I was on the couch watching the news when a friend called to say there
was a fire above Montecito. I drove over to Gibralter Rd., where there
was a good view to the east. The fire was burning along a ridge about
a quarter mile above Mountain Drive, 4 miles to our east, and heading
south very rapidly. I could see emergency vehicles winding along the
roads. Within a few minutes, the fire had jumped Mountain Drive. When
a Santa Barbara County Sheriff arrived to close the road, I headed
home, calling my nephew Justin and asking him to drive up to our place
to help Laura, his 89-year-old grandmother, pack up and leave. Her
small house sits on a parcel adjacent to ours, at the bottom of the
hill. My wife, Story, was at a class in town. I couldn't reach her.

6:30 P.M.

When I got home, I stopped at Laura's house. Justin was already there,
stuffing the cat into its travel cage and loading up Laura's Jeep.
Story called me and I headed up the hill to our house.
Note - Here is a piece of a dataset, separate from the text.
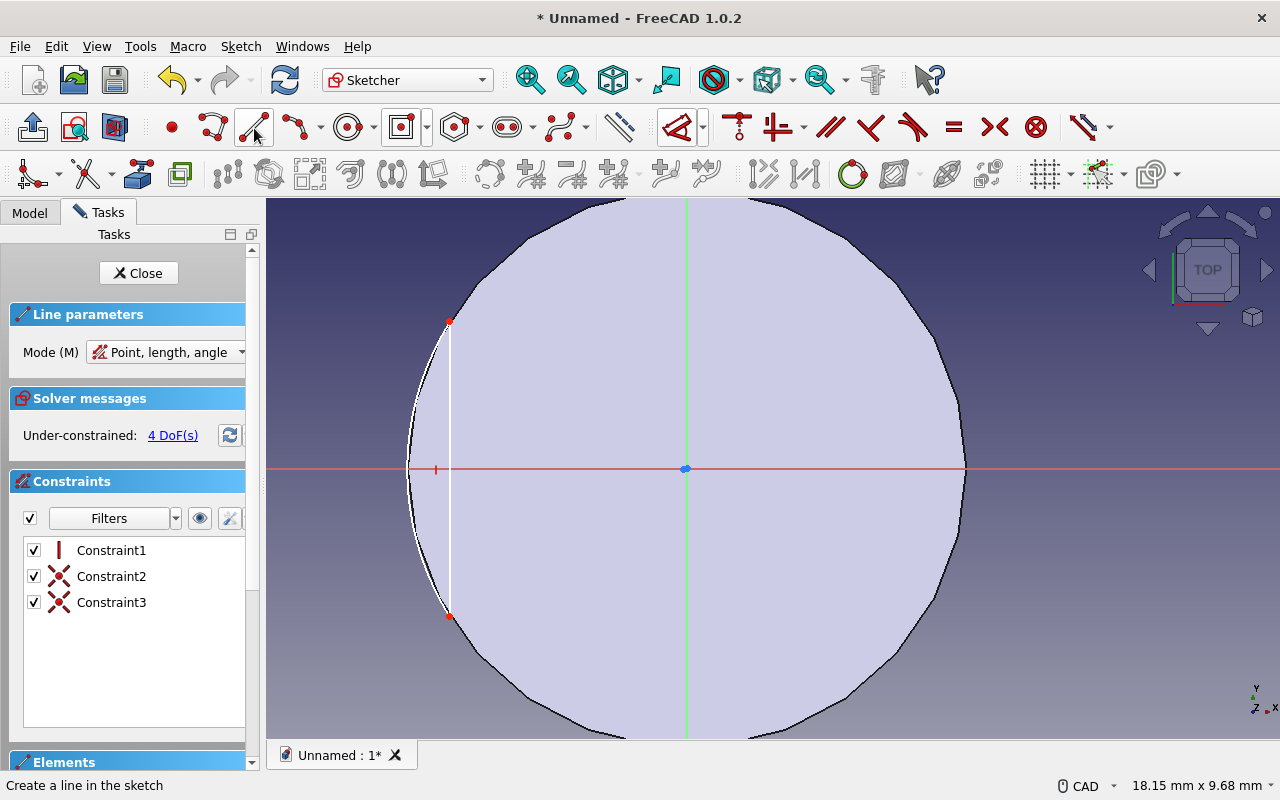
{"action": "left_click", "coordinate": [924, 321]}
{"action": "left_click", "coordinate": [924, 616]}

On the way, I
ran into Raven, the young woman who takes care of Story's horses. Her
boyfriend, Andy, had driven her up there, and she was saddling up to
ride and lead the two horses down towards town. I did not envy her, on
the road with 2 horses in 60 mile-per-hour winds while emergency
vehicles raced uphill with sirens wailing. Andy, whose house on
Mountain Drive is very close to the start of the fire, had been in
town and could not get home.

7:10 P.M.

Story was already at our house, distributing the white K-Mart laundry
baskets bought years before for just this event. Into these baskets
went paintings and sculpture, photographs and papers, everything that
could never be replaced. We had done this before during fire threats,
so it was obvious what to load up. Musical instruments, computer hard
drives, boxes of important papers, a suitcase full of clothes for each
of us, pets and pet food. The cat could not be found -- a problem for
Story.

7:40 P.M.

Three of my co-workers, Mike, Thad, and Carlos, arrived to help. They
carried everything down to the driveway, starting by filling the old
Suburban we keep just for this purpose. Then they loaded their trucks
with furniture and all of my tools from the shed. At this point, the
Mt. Calvary ridge and St. Mary's Seminary to our east was still
blocking any direct view of flames, but the ever-growing red glow in
the sky was ominous.

8:10 P.M.

Story left for town while the guys pulled out all of the fire hoses,
pumps and foaming equipment from the steel box where it had all been
sitting for years. They unrolled hoses and attached them to hydrants
around the house. They hooked up the hoses to a device which injects
fire retardant into the water, and made a complete circuit of the
house, covering all the doors, windows and exposed wood with a sticky,
soapy foam. We could now see huge flames on the ridges to the east.

8:45 P.M.

Mike, Thad, and Carlos left for town. I drove down to the 2 other
houses on the lower parcel. Laura lives in a frame house built in
1977. Fifteen years ago, we installed a fire sprinkler system on the
outside of the house. It is built from PVC pipe strapped under the
eaves and on the roof, fitted with about 20 big Rainbird rotating
sprinklers, and controlled with a 2" valve. It had not been tested for
a few years. I opened up the valve and the system charged. Almost
immediately, I heard a "pop", and saw that a joint had come unglued up
near the roof. Bummer. I had to shut it off. I went down to the other
house, a beautiful, hundred-year-old redwood farmhouse where our good
friends Walter and Patty live with their daughter, Estelle. We had
installed a hydrant at the deck years ago and left 100 feet of fire
hose coiled up and ready. I hooked up the hose to the hydrant and
unrolled the full 100 feet.

9:10 P.M.

I got back up to my house. I got some PVC glue in order to repair
Laura's sprinklers and tied an extension ladder on the roof of my
truck. As I started down the road, a Sheriff's cruiser raced up next
to me. The officer told me there was a mandatory evacuation and I had
to leave immediately. I agreed and drove down the driveway while he
negotiated the 3-point turn in front of our house. Halfway down the
hill, I turned into one of the dirt roads that serve our avocado grove
and shut off my lights. A moment later, the sheriff drove down the
driveway and out towards town.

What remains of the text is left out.